Please copy out all lines of the entries that contain the word "ezdxf".
[TASK INPUTS — start]
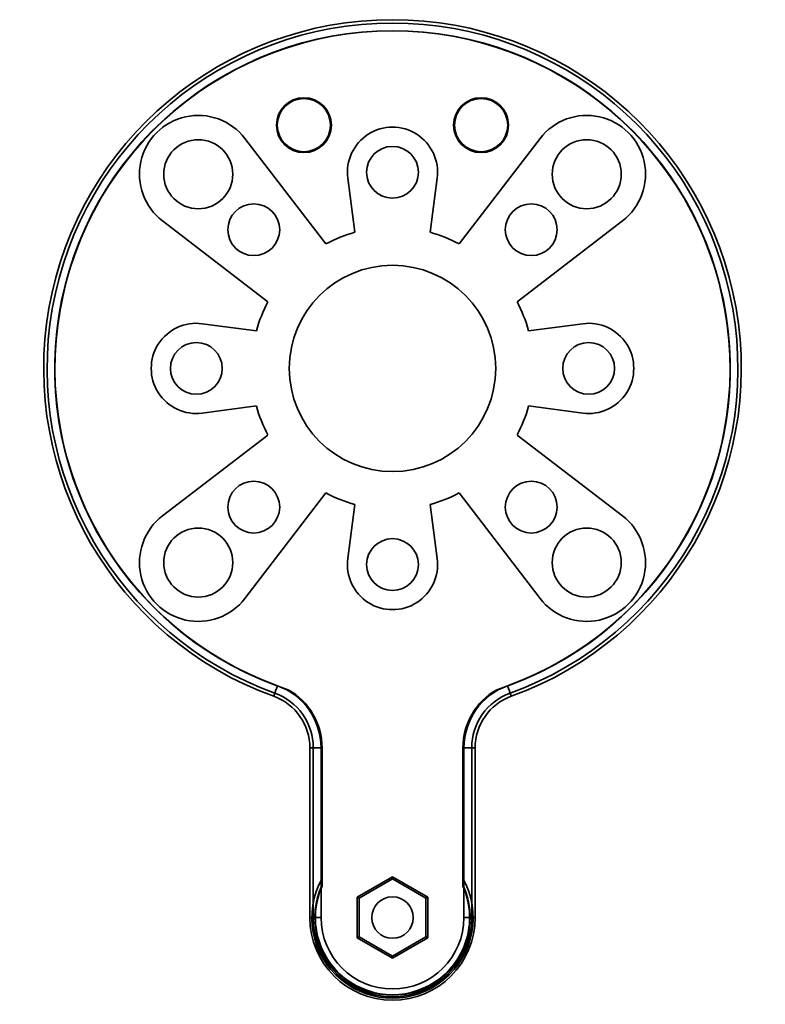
# Model space of a CAD drawing. Header units: millimetres. Extents: x -48 to 48, y -81 to 44.
import ezdxf

# ---------------------------------------------------------------- set-up
doc = ezdxf.new("R2010")
doc.units = ezdxf.units.MM
doc.layers.add('1', color=7, linetype='Continuous', true_color=0xffffff)

msp = doc.modelspace()

# ---------------------------------------------------------------- linework, layer by layer
at = {"layer": '1', "color": 252, "linetype": 'Continuous', "lineweight": 35}
for p, q in [((-8.49, 15.87), (-18.8, 29.31)), ((-18.8, 29.31, -0.5), (-18.8, 29.31)), ((-18.8, 29.31, 28), (-18.8, 29.31, 27.5)), ((-18.8, 29.31, 27.5), (-8.49, 15.87, 27.5)), ((-18.8, 29.31, -0.5), (-8.49, 15.87, -0.5)), ((-8.49, 15.87, 28), (-18.8, 29.31, 28)), ((18.8, 29.31), (8.49, 15.87)), ((8.49, 15.87, 27.5), (18.8, 29.31, 27.5)), ((8.49, 15.87, -0.5), (18.8, 29.31, -0.5)), ((18.8, 29.31, 28), (8.49, 15.87, 28)), ((18.8, 29.31, -0.5), (18.8, 29.31)), ((18.8, 29.31, 28), (18.8, 29.31, 27.5)), ((-4.79, 17.35, -0.5), (-5.7, 24.25, -0.5)), ((-5.7, 24.25), (-4.79, 17.35)), ((-5.7, 24.25, -0.5), (-5.7, 24.25)), ((-5.7, 24.25, 28), (-5.7, 24.25, 27.5)), ((-4.79, 17.35, 27.5), (-5.7, 24.25, 27.5)), ((-5.7, 24.25, 28), (-4.79, 17.35, 28)), ((5.7, 24.25, -0.5), (4.79, 17.35, -0.5)), ((4.79, 17.35), (5.7, 24.25)), ((5.7, 24.25, 27.5), (4.79, 17.35, 27.5)), ((4.79, 17.35, 28), (5.7, 24.25, 28)), ((5.7, 24.25, -0.5), (5.7, 24.25)), ((5.7, 24.25, 28), (5.7, 24.25, 27.5)), ((-29.31, 18.8, -0.5), (-29.31, 18.8)), ((-29.31, 18.8), (-15.87, 8.49)), ((-29.31, 18.8, 28), (-29.31, 18.8, 27.5)), ((-15.87, 8.49, 27.5), (-29.31, 18.8, 27.5)), ((-15.87, 8.49, -0.5), (-29.31, 18.8, -0.5)), ((-29.31, 18.8, 28), (-15.87, 8.49, 28)), ((15.87, 8.49), (29.31, 18.8)), ((29.31, 18.8, 27.5), (15.87, 8.49, 27.5)), ((29.31, 18.8, -0.5), (15.87, 8.49, -0.5)), ((15.87, 8.49, 28), (29.31, 18.8, 28)), ((29.31, 18.8, -0.5), (29.31, 18.8)), ((29.31, 18.8, 28), (29.31, 18.8, 27.5)), ((-4.79, 17.35, -0.5), (-4.79, 17.35)), ((-4.79, 17.35, 28), (-4.79, 17.35, 27.5)), ((4.79, 17.35, -0.5), (4.79, 17.35)), ((4.79, 17.35, 28), (4.79, 17.35, 27.5)), ((-8.49, 15.87, -0.5), (-8.49, 15.87)), ((-8.49, 15.87, 28), (-8.49, 15.87, 27.5)), ((8.49, 15.87, -0.5), (8.49, 15.87)), ((8.49, 15.87, 28), (8.49, 15.87, 27.5)), ((-15.87, 8.49, -0.5), (-15.87, 8.49)), ((-15.87, 8.49, 28), (-15.87, 8.49, 27.5)), ((15.87, 8.49, -0.5), (15.87, 8.49)), ((15.87, 8.49, 28), (15.87, 8.49, 27.5)), ((-24.25, 5.7, -0.5), (-24.25, 5.7)), ((-17.35, 4.79), (-24.25, 5.7)), ((-24.25, 5.7, 28), (-24.25, 5.7, 27.5)), ((-24.25, 5.7, 27.5), (-17.35, 4.79, 27.5)), ((-24.25, 5.7, -0.5), (-17.35, 4.79, -0.5)), ((-17.35, 4.79, 28), (-24.25, 5.7, 28)), ((24.25, 5.7), (17.35, 4.79)), ((17.35, 4.79, 27.5), (24.25, 5.7, 27.5)), ((17.35, 4.79, -0.5), (24.25, 5.7, -0.5)), ((24.25, 5.7, 28), (17.35, 4.79, 28)), ((24.25, 5.7, -0.5), (24.25, 5.7)), ((24.25, 5.7, 28), (24.25, 5.7, 27.5)), ((-17.35, 4.79, -0.5), (-17.35, 4.79)), ((-17.35, 4.79, 28), (-17.35, 4.79, 27.5)), ((17.35, 4.79, -0.5), (17.35, 4.79)), ((17.35, 4.79, 28), (17.35, 4.79, 27.5)), ((-24.25, -5.7), (-17.35, -4.79)), ((-17.35, -4.79, 27.5), (-24.25, -5.7, 27.5)), ((-17.35, -4.79, -0.5), (-24.25, -5.7, -0.5)), ((-24.25, -5.7, 28), (-17.35, -4.79, 28)), ((-17.35, -4.79, -0.5), (-17.35, -4.79)), ((-17.35, -4.79, 28), (-17.35, -4.79, 27.5)), ((17.35, -4.79), (24.25, -5.7)), ((24.25, -5.7, 27.5), (17.35, -4.79, 27.5)), ((24.25, -5.7, -0.5), (17.35, -4.79, -0.5)), ((17.35, -4.79, -0.5), (17.35, -4.79)), ((17.35, -4.79, 28), (24.25, -5.7, 28)), ((17.35, -4.79, 28), (17.35, -4.79, 27.5)), ((-24.25, -5.7, -0.5), (-24.25, -5.7)), ((-24.25, -5.7, 28), (-24.25, -5.7, 27.5)), ((24.25, -5.7, -0.5), (24.25, -5.7)), ((24.25, -5.7, 28), (24.25, -5.7, 27.5)), ((-15.87, -8.49), (-29.31, -18.8)), ((-29.31, -18.8, 27.5), (-15.87, -8.49, 27.5)), ((-29.31, -18.8, -0.5), (-15.87, -8.49, -0.5)), ((-15.87, -8.49, 28), (-29.31, -18.8, 28)), ((-15.87, -8.49, -0.5), (-15.87, -8.49)), ((-15.87, -8.49, 28), (-15.87, -8.49, 27.5)), ((29.31, -18.8), (15.87, -8.49)), ((15.87, -8.49, 27.5), (29.31, -18.8, 27.5)), ((15.87, -8.49, -0.5), (29.31, -18.8, -0.5)), ((15.87, -8.49, -0.5), (15.87, -8.49)), ((29.31, -18.8, 28), (15.87, -8.49, 28)), ((15.87, -8.49, 28), (15.87, -8.49, 27.5)), ((-18.8, -29.31), (-8.49, -15.87)), ((-8.49, -15.87, 27.5), (-18.8, -29.31, 27.5)), ((-8.49, -15.87, -0.5), (-18.8, -29.31, -0.5)), ((-18.8, -29.31, 28), (-8.49, -15.87, 28)), ((-8.49, -15.87, -0.5), (-8.49, -15.87)), ((-8.49, -15.87, 28), (-8.49, -15.87, 27.5)), ((8.49, -15.87), (18.8, -29.31)), ((18.8, -29.31, 27.5), (8.49, -15.87, 27.5)), ((8.49, -15.87, -0.5), (8.49, -15.87)), ((18.8, -29.31, -0.5), (8.49, -15.87, -0.5)), ((8.49, -15.87, 28), (18.8, -29.31, 28)), ((8.49, -15.87, 28), (8.49, -15.87, 27.5)), ((-4.79, -17.35), (-5.7, -24.25)), ((-5.7, -24.25, 27.5), (-4.79, -17.35, 27.5)), ((-5.7, -24.25, -0.5), (-4.79, -17.35, -0.5)), ((-4.79, -17.35, 28), (-5.7, -24.25, 28)), ((-4.79, -17.35, -0.5), (-4.79, -17.35)), ((-4.79, -17.35, 28), (-4.79, -17.35, 27.5)), ((5.7, -24.25), (4.79, -17.35)), ((4.79, -17.35, 27.5), (5.7, -24.25, 27.5)), ((4.79, -17.35, -0.5), (5.7, -24.25, -0.5)), ((4.79, -17.35, -0.5), (4.79, -17.35)), ((4.79, -17.35, 28), (4.79, -17.35, 27.5)), ((5.7, -24.25, 28), (4.79, -17.35, 28)), ((-29.31, -18.8, -0.5), (-29.31, -18.8)), ((-29.31, -18.8, 28), (-29.31, -18.8, 27.5)), ((29.31, -18.8, -0.5), (29.31, -18.8)), ((29.31, -18.8, 28), (29.31, -18.8, 27.5)), ((-5.7, -24.25, -0.5), (-5.7, -24.25)), ((-5.7, -24.25, 28), (-5.7, -24.25, 27.5)), ((5.7, -24.25, -0.5), (5.7, -24.25)), ((5.7, -24.25, 28), (5.7, -24.25, 27.5)), ((-18.8, -29.31, -0.5), (-18.8, -29.31)), ((-18.8, -29.31, 28), (-18.8, -29.31, 27.5)), ((18.8, -29.31, -0.5), (18.8, -29.31)), ((18.8, -29.31, 28), (18.8, -29.31, 27.5)), ((-15.14, -41.79, 13.25), (-15, -41.39, 0.97)), ((-15.14, -41.79, 14.25), (-15, -41.39, 26.53)), ((-13.28, -40.95, 14.25), (-13.28, -40.95, 13.25)), ((13.28, -40.95, 14.25), (13.28, -40.95, 13.25)), ((15.14, -41.79, 13.25), (15, -41.39, 0.97)), ((15.14, -41.79, 14.25), (15, -41.39, 26.53)), ((-10.53, -48.37, 13.25), (-10.1, -48.37, 0.97)), ((-10.53, -48.37, 13.25), (-10.53, -70, 13.25)), ((-10.53, -48.37, 14.25), (-10.1, -48.37, 26.53)), ((-10.53, -70, 14.25), (-10.53, -48.37, 14.25)), ((-10.1, -48.37, 0.97), (-10.1, -70, 0.97)), ((-10.1, -70, 26.53), (-10.1, -48.37, 26.53)), ((-9.1, -70), (-9.1, -48.37)), ((-9.1, -48.37, 27.5), (-9.1, -70, 27.5)), ((-8.98, -48.37, 14.25), (-8.98, -48.37, 13.25)), ((-8.98, -65.02, 13.25), (-8.98, -48.37, 13.25)), ((-8.98, -48.37, 14.25), (-8.98, -65.83, 14.25)), ((8.98, -48.37, 13.25), (8.98, -65.02, 13.25)), ((8.98, -48.37, 14.25), (8.98, -48.37, 13.25)), ((8.98, -65.83, 14.25), (8.98, -48.37, 14.25)), ((9.1, -48.37), (9.1, -70)), ((9.1, -70, 27.5), (9.1, -48.37, 27.5)), ((10.53, -48.37, 13.25), (10.1, -48.37, 0.97)), ((10.53, -48.37, 14.25), (10.1, -48.37, 26.53)), ((10.1, -70, 0.97), (10.1, -48.37, 0.97)), ((10.1, -48.37, 26.53), (10.1, -70, 26.53)), ((10.53, -70, 13.25), (10.53, -48.37, 13.25)), ((10.53, -48.37, 14.25), (10.53, -70, 14.25)), ((-4.49, -67.41, 27.5), (0, -64.82, 27.5)), ((0, -64.82), (-4.49, -67.41)), ((-4.26, -67.54, 6.5), (0, -65.08, 6.5)), ((0, -65.08, 21), (-4.26, -67.54, 21)), ((0, -64.82), (0, -65.08, 6.5)), ((0, -64.82, 27.5), (4.49, -67.41, 27.5)), ((0, -64.82, 27.5), (0, -65.08, 21)), ((4.49, -67.41), (0, -64.82)), ((0, -65.08, 6.5), (4.26, -67.54, 6.5)), ((4.26, -67.54, 21), (0, -65.08, 21)), ((-8.98, -65.99, 14), (-8.98, -65.99, 13.5)), ((8.98, -65.99, 13.5), (8.98, -65.99, 14)), ((-4.49, -67.41), (-4.26, -67.54, 6.5)), ((-4.49, -72.59, 27.5), (-4.49, -67.41, 27.5)), ((-4.49, -67.41, 27.5), (-4.26, -67.54, 21)), ((-4.49, -67.41), (-4.49, -72.59)), ((-4.26, -72.46, 6.5), (-4.26, -67.54, 6.5)), ((-4.26, -67.54, 21), (-4.26, -72.46, 21)), ((4.49, -67.41), (4.26, -67.54, 6.5)), ((4.49, -67.41, 27.5), (4.26, -67.54, 21)), ((4.26, -67.54, 6.5), (4.26, -72.46, 6.5)), ((4.26, -72.46, 21), (4.26, -67.54, 21)), ((4.49, -67.41, 27.5), (4.49, -72.59, 27.5)), ((4.49, -72.59), (4.49, -67.41)), ((-10.53, -70, 13.25), (-10.1, -70, 0.97)), ((-10.53, -70, 14.25), (-10.1, -70, 26.53)), ((10.53, -70, 13.25), (10.1, -70, 0.97)), ((10.53, -70, 14.25), (10.1, -70, 26.53)), ((-4.49, -72.59), (-4.26, -72.46, 6.5)), ((-4.49, -72.59, 27.5), (-4.26, -72.46, 21)), ((0, -75.18, 27.5), (-4.49, -72.59, 27.5)), ((-4.49, -72.59), (0, -75.18)), ((0, -74.92, 6.5), (-4.26, -72.46, 6.5)), ((-4.26, -72.46, 21), (0, -74.92, 21)), ((4.26, -72.46, 6.5), (0, -74.92, 6.5)), ((0, -74.92, 21), (4.26, -72.46, 21)), ((4.49, -72.59, 27.5), (0, -75.18, 27.5)), ((0, -75.18), (4.49, -72.59)), ((4.49, -72.59), (4.26, -72.46, 6.5)), ((4.49, -72.59, 27.5), (4.26, -72.46, 21)), ((0, -75.18), (0, -74.92, 6.5)), ((0, -75.18, 27.5), (0, -74.92, 21))]:
    msp.add_line(p, q, dxfattribs=at)
for centre, radius in [((-11.29, 31.01), 3.5), ((-11.29, 31.01, 3), 3.39), ((-24.75, 24.75, -0.5), 4.4), ((24.75, 24.75, -0.5), 4.4), ((0, 25, -0.5), 3.3), ((-17.68, 17.68, -0.5), 3.3), ((17.68, 17.68, -0.5), 3.3), ((0, 0, -0.5), 13.15), ((-25, 0, -0.5), 3.3), ((25, 0, -0.5), 3.3), ((-17.68, -17.68, -0.5), 3.3), ((17.68, -17.68, -0.5), 3.3), ((-24.75, -24.75, -0.5), 4.4), ((24.75, -24.75, -0.5), 4.4), ((0, -25, -0.5), 3.3), ((0, -70, 21), 2.64), ((0, -70, 16.25), 2.64), ((0, -70, 13.25), 2.64)]:
    msp.add_circle(centre, radius, dxfattribs=at)
at = {"layer": '1', "color": 252, "linetype": 'Continuous', "lineweight": 35, "extrusion": (1.22461e-16, 0, -1)}
for centre, radius in [((-11.29, 31.01, -27.5), 3.5), ((24.75, 24.75, -28), 4.4)]:
    msp.add_circle(centre, radius, dxfattribs=at)
at = {"layer": '1', "color": 252, "linetype": 'Continuous', "lineweight": 35, "extrusion": (0, 0, -1)}
for centre, radius in [((-11.29, 31.01, -24.5), 3.39), ((-24.75, 24.75, -28), 4.4), ((0, 25, -28), 3.3), ((17.68, 17.68, -28), 3.3), ((-17.68, 17.68, -28), 3.3), ((0, 0, -28), 13.15), ((25, 0, -28), 3.3), ((-25, 0, -28), 3.3), ((17.68, -17.68, -28), 3.3), ((-17.68, -17.68, -28), 3.3), ((-24.75, -24.75, -28), 4.4), ((0, -25, -28), 3.3), ((0, -70, -6.5), 2.64)]:
    msp.add_circle(centre, radius, dxfattribs=at)
at = {"layer": '1', "color": 252, "linetype": 'Continuous', "lineweight": 35, "extrusion": (2.34291e-15, 0, -1)}
msp.add_circle((24.75, -24.75, -28), 4.4, dxfattribs=at)
at = {"layer": '1', "color": 252, "linetype": 'Continuous', "lineweight": 35, "extrusion": (0, 0, -1)}
for centre, radius, start, end in [((0, 0, -14.25), 44.45, 289.9207, 250.0793), ((0, 0, -26.53), 44.02, 289.9207, 250.0793), ((0, 0), 43.02, 289.9207, 250.0793), ((0, 0, -13.25), 43.05, 287.9698, 252.0302), ((24.75, 24.75, 0.5), 7.5, 307.5, 142.5), ((-24.75, 24.75, -27.5), 7.5, 37.5, 232.5), ((-24.75, 24.75, 0.5), 7.5, 37.5, 232.5), ((0, 25, 0.5), 5.75, 352.5, 187.5), ((0, 0, 0.5), 18, 61.8733, 74.5587), ((0, 0, 0.5), 18, 105.4413, 118.1267), ((0, 0, 0.5), 18, 15.4413, 28.1267), ((0, 0, 0.5), 18, 151.8733, 164.5587), ((25, 0, 0.5), 5.75, 262.5, 97.5), ((-25, 0, -27.5), 5.75, 82.5, 277.5), ((0, 0, 0.5), 18, 331.8733, 344.5587), ((0, 0, 0.5), 18, 195.4413, 208.1267), ((0, 0, 0.5), 18, 285.4413, 298.1267), ((0, 0, 0.5), 18, 241.8733, 254.5587), ((-24.75, -24.75, -27.5), 7.5, 127.5, 322.5), ((0, -25, -27.5), 5.75, 172.5, 7.5), ((17.53, -48.37, -0.97), 7.43, 109.9207, 180), ((-17.53, -48.37, -0.97), 7.43, 0, 70.0793), ((17.53, -48.37, -13.25), 7, 109.9207, 180), ((-17.53, -48.37, -13.25), 7, 0, 70.0793), ((0, -70, -13.25), 10.27, 150.9992, 29.0008), ((0, -70, -26.53), 10.1, 180, 0), ((0, -70), 9.1, 180, 0)]:
    msp.add_arc(centre, radius, start, end, dxfattribs=at)
at = {"layer": '1', "color": 252, "linetype": 'Continuous', "lineweight": 35}
for centre, radius, start, end in [((0, 0, 13.25), 44.45, 289.9207, 250.0793), ((0, 0, 0.97), 44.02, 289.9207, 250.0793), ((0, 0, 27.5), 43.02, 289.9207, 250.0793), ((-24.75, 24.75), 7.5, 37.5, 232.5), ((-24.75, 24.75, 28), 7.5, 37.5, 232.5), ((24.75, 24.75), 7.5, 307.5, 142.5), ((24.75, 24.75, 28), 7.5, 307.5, 142.5), ((0, 25), 5.75, 352.5, 187.5), ((0, 25, 28), 5.75, 352.5, 187.5), ((0, 0), 18, 105.4413, 118.1267), ((0, 0, 28), 18, 105.4413, 118.1267), ((0, 0), 18, 61.8733, 74.5587), ((0, 0, 28), 18, 61.8733, 74.5587), ((0, 0), 18, 151.8733, 164.5587), ((0, 0, 28), 18, 151.8733, 164.5587), ((0, 0), 18, 15.4413, 28.1267), ((0, 0, 28), 18, 15.4413, 28.1267), ((-25, 0), 5.75, 82.5, 277.5), ((-25, 0, 28), 5.75, 82.5, 277.5), ((25, 0), 5.75, 262.5, 97.5), ((25, 0, 28), 5.75, 262.5, 97.5), ((0, 0), 18, 195.4413, 208.1267), ((0, 0, 28), 18, 195.4413, 208.1267), ((0, 0), 18, 331.8733, 344.5587), ((0, 0, 28), 18, 331.8733, 344.5587), ((0, 0), 18, 241.8733, 254.5587), ((0, 0, 28), 18, 241.8733, 254.5587), ((0, 0), 18, 285.4413, 298.1267), ((0, 0, 28), 18, 285.4413, 298.1267), ((-24.75, -24.75), 7.5, 127.5, 322.5), ((-24.75, -24.75, 28), 7.5, 127.5, 322.5), ((24.75, -24.75), 7.5, 217.5, 52.5), ((24.75, -24.75, 28), 7.5, 217.5, 52.5), ((0, -25), 5.75, 172.5, 7.5), ((0, -25, 28), 5.75, 172.5, 7.5), ((-17.53, -48.37, 26.53), 7.43, 0, 70.0793), ((-17.53, -48.37), 8.43, 360, 70.0793), ((-17.53, -48.37, 13.25), 8.55, 360, 60.2114), ((17.53, -48.37, 13.25), 8.55, 119.7886, 180), ((17.53, -48.37), 8.43, 109.9207, 180), ((17.53, -48.37, 26.53), 7.43, 109.9207, 180), ((-17.53, -48.37, 14.25), 7, 0, 70.0793), ((17.53, -48.37, 14.25), 7, 109.9207, 180), ((0, -70, 14.25), 9.9, 155.0835, 24.9165), ((0, -70, 14.23), 9.9, 155.0911, 24.9089), ((0, -70, 13.5), 9.83, 155.9414, 24.0586), ((0, -70, 14), 9.83, 155.9414, 24.0586), ((0, -70, 13.25), 10.53, 180, 0), ((0, -70, 0.97), 10.1, 180, 0), ((0, -70, 27.5), 9.1, 180, 0)]:
    msp.add_arc(centre, radius, start, end, dxfattribs=at)
at = {"layer": '1', "color": 252, "linetype": 'Continuous', "lineweight": 35, "extrusion": (1.22461e-16, 0, -1)}
for centre, radius, start, end in [((0, 0, -14.25), 43.05, 287.9698, 252.0302), ((24.75, 24.75, -27.5), 7.5, 307.5, 142.5), ((0, 25, -27.5), 5.75, 352.5, 187.5), ((0, 0, -27.5), 18, 61.8733, 74.5587), ((0, 0, -27.5), 18, 105.4413, 118.1267), ((0, 0, -27.5), 18, 15.4413, 28.1267), ((0, 0, -27.5), 18, 151.8733, 164.5587), ((0, 0, -27.5), 18, 331.8733, 344.5587), ((0, 0, -27.5), 18, 195.4413, 208.1267), ((0, 0, -27.5), 18, 285.4413, 298.1267), ((0, 0, -27.5), 18, 241.8733, 254.5587), ((24.75, -24.75, 0.5), 7.5, 217.5, 52.5), ((0, -25, 0.5), 5.75, 172.5, 7.5), ((17.53, -48.37, -27.5), 8.43, 109.9207, 180), ((17.53, -48.37, -14.25), 8.55, 119.7886, 180), ((-17.53, -48.37, -14.25), 8.55, 360, 60.2114), ((-17.53, -48.37, -27.5), 8.43, 360, 70.0793), ((0, -70, -14.25), 10.53, 180, 0)]:
    msp.add_arc(centre, radius, start, end, dxfattribs=at)
at = {"layer": '1', "color": 252, "linetype": 'Continuous', "lineweight": 35, "extrusion": (2.34291e-15, 0, -1)}
for centre, radius, start, end in [((25, 0, -27.5), 5.75, 262.5, 97.5), ((-25, 0, 0.5), 5.75, 82.5, 277.5), ((24.75, -24.75, -27.5), 7.5, 217.5, 52.5), ((-24.75, -24.75, 0.5), 7.5, 127.5, 322.5)]:
    msp.add_arc(centre, radius, start, end, dxfattribs=at)
at = {"layer": '1', "color": 252, "linetype": 'Continuous', "lineweight": 35, "extrusion": (0.940165, -0.340719, 0)}
for centre, start, end in [((-43.02, 1), 182, 270), ((-43.02, 26.5), 90, 178)]:
    msp.add_arc(centre, 1, start, end, dxfattribs=at)
at = {"layer": '1', "color": 252, "linetype": 'Continuous', "lineweight": 35, "extrusion": (-0.940165, -0.340719, 0)}
for centre, start, end in [((43.02, 1), 270, 358), ((43.02, 26.5), 2, 90)]:
    msp.add_arc(centre, 1, start, end, dxfattribs=at)
at = {"layer": '1', "color": 252, "linetype": 'Continuous', "lineweight": 35, "extrusion": (0, -1, 0)}
for centre, start, end in [((-9.1, 1, 48.37), 182, 270), ((9.1, 26.5, 48.37), 2, 90), ((-9.1, 1, 70), 182, 270), ((9.1, 26.5, 70), 2, 90)]:
    msp.add_arc(centre, 1, start, end, dxfattribs=at)
at = {"layer": '1', "color": 252, "linetype": 'Continuous', "lineweight": 35, "extrusion": (0, 1, 0)}
for centre, start, end in [((9.1, 26.5, -48.37), 2, 90), ((-9.1, 1, -48.37), 182, 270), ((9.1, 26.5, -70), 2, 90), ((-9.1, 1, -70), 182, 270)]:
    msp.add_arc(centre, 1, start, end, dxfattribs=at)
at = {"layer": '1', "color": 252, "linetype": 'Continuous', "lineweight": 35}
for points, knots in [([(-8.98, -65.02, 13.25), (-8.98, -65.19, 13.25), (-8.98, -65.36, 13.27), (-8.98, -65.61, 13.33), (-8.98, -65.69, 13.35), (-8.98, -65.85, 13.41), (-8.98, -65.92, 13.45), (-8.98, -65.99, 13.5)], [0, 0, 0, 0, 0.5, 0.5, 0.75, 0.75, 1, 1, 1, 1]), ([(8.98, -65.99, 13.5), (8.98, -65.92, 13.45), (8.98, -65.85, 13.41), (8.98, -65.69, 13.35), (8.98, -65.61, 13.33), (8.98, -65.36, 13.27), (8.98, -65.19, 13.25), (8.98, -65.02, 13.25)], [0, 0, 0, 0, 0.25, 0.25, 0.5, 0.5, 1, 1, 1, 1]), ([(-8.98, -65.99, 14), (-8.98, -65.95, 14.03), (-8.98, -65.92, 14.06), (-8.98, -65.86, 14.14), (-8.98, -65.83, 14.18), (-8.98, -65.83, 14.23)], [0, 0, 0, 0, 0.5, 0.5, 1, 1, 1, 1]), ([(8.98, -65.83, 14.23), (8.98, -65.83, 14.18), (8.98, -65.86, 14.14), (8.98, -65.91, 14.06), (8.98, -65.95, 14.03), (8.98, -65.99, 14)], [0, 0, 0, 0, 0.5, 0.5, 1, 1, 1, 1])]:
    msp.add_open_spline(points, degree=3, knots=knots, dxfattribs=at)
for points in [[(-8.98, -65.83, 14.25), (-8.98, -65.83, 14.24), (-8.98, -65.83, 14.24), (-8.98, -65.83, 14.23)], [(8.98, -65.83, 14.23), (8.98, -65.83, 14.24), (8.98, -65.83, 14.24), (8.98, -65.83, 14.25)]]:
    msp.add_open_spline(points, degree=3, dxfattribs=at)

doc.saveas('drawing.dxf')
[TASK INPUTS — finish]
## EXERCISE RESULT
import ezdxf
doc = ezdxf.new("R2010")
doc.units = ezdxf.units.MM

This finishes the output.